He was one of only nine senators who opposed a bill to insist that CIA interrogators adhere to Army standards. He said he opposed torture, but he once compared waterboarding to swimming.
Mr. Bond supported the Equal Rights Amendment but opposed same-sex marriage. He favored free trade, offshore drilling, and a ban on gifts from lobbyists to members of Congress. He was also a sponsor of the Family and Medical Leave Act of 1993, which required employers with 50 or more workers to provide up to 12 weeks of unpaid leave for family medical emergencies, childbirth or adoption.

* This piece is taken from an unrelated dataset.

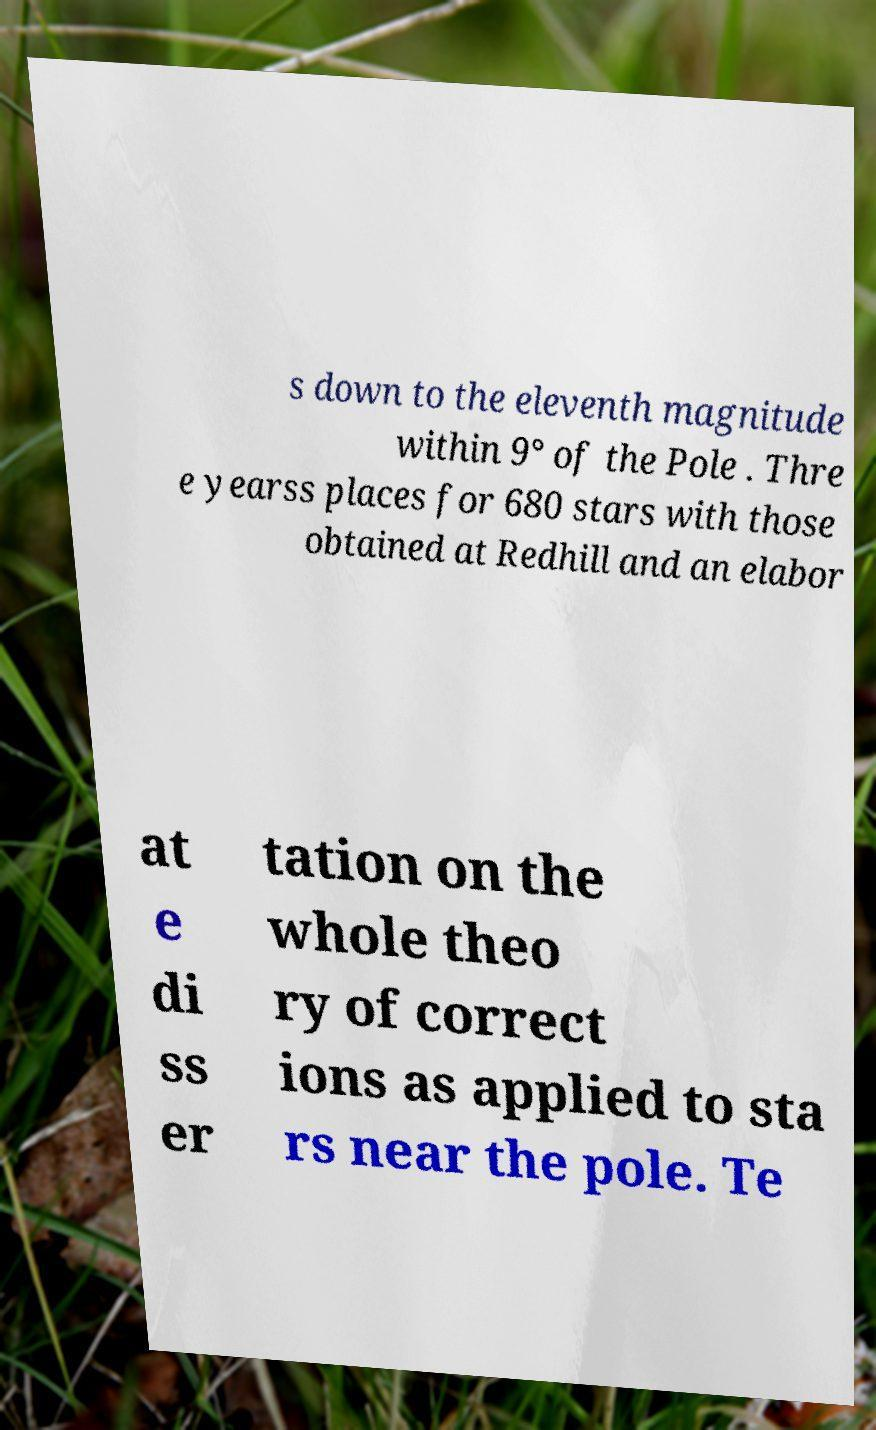Please read and relay the text visible in this image. What does it say? s down to the eleventh magnitude within 9° of the Pole . Thre e yearss places for 680 stars with those obtained at Redhill and an elabor at e di ss er tation on the whole theo ry of correct ions as applied to sta rs near the pole. Te

In 1976, as governor, he rescinded a fiat issued by Governor Lilburn Boggs in 1838 that ordered the expulsion or extermination of all Mormons from the state.
In 2010, after curators at the Missouri State Museum discovered that what they thought was a moon rock was actually a sample of lunar dust, Mr. Bond disclosed that he had inadvertently taken the actual Apollo 17 lunar sample, worth about $5 million, when he left as governor. He returned it.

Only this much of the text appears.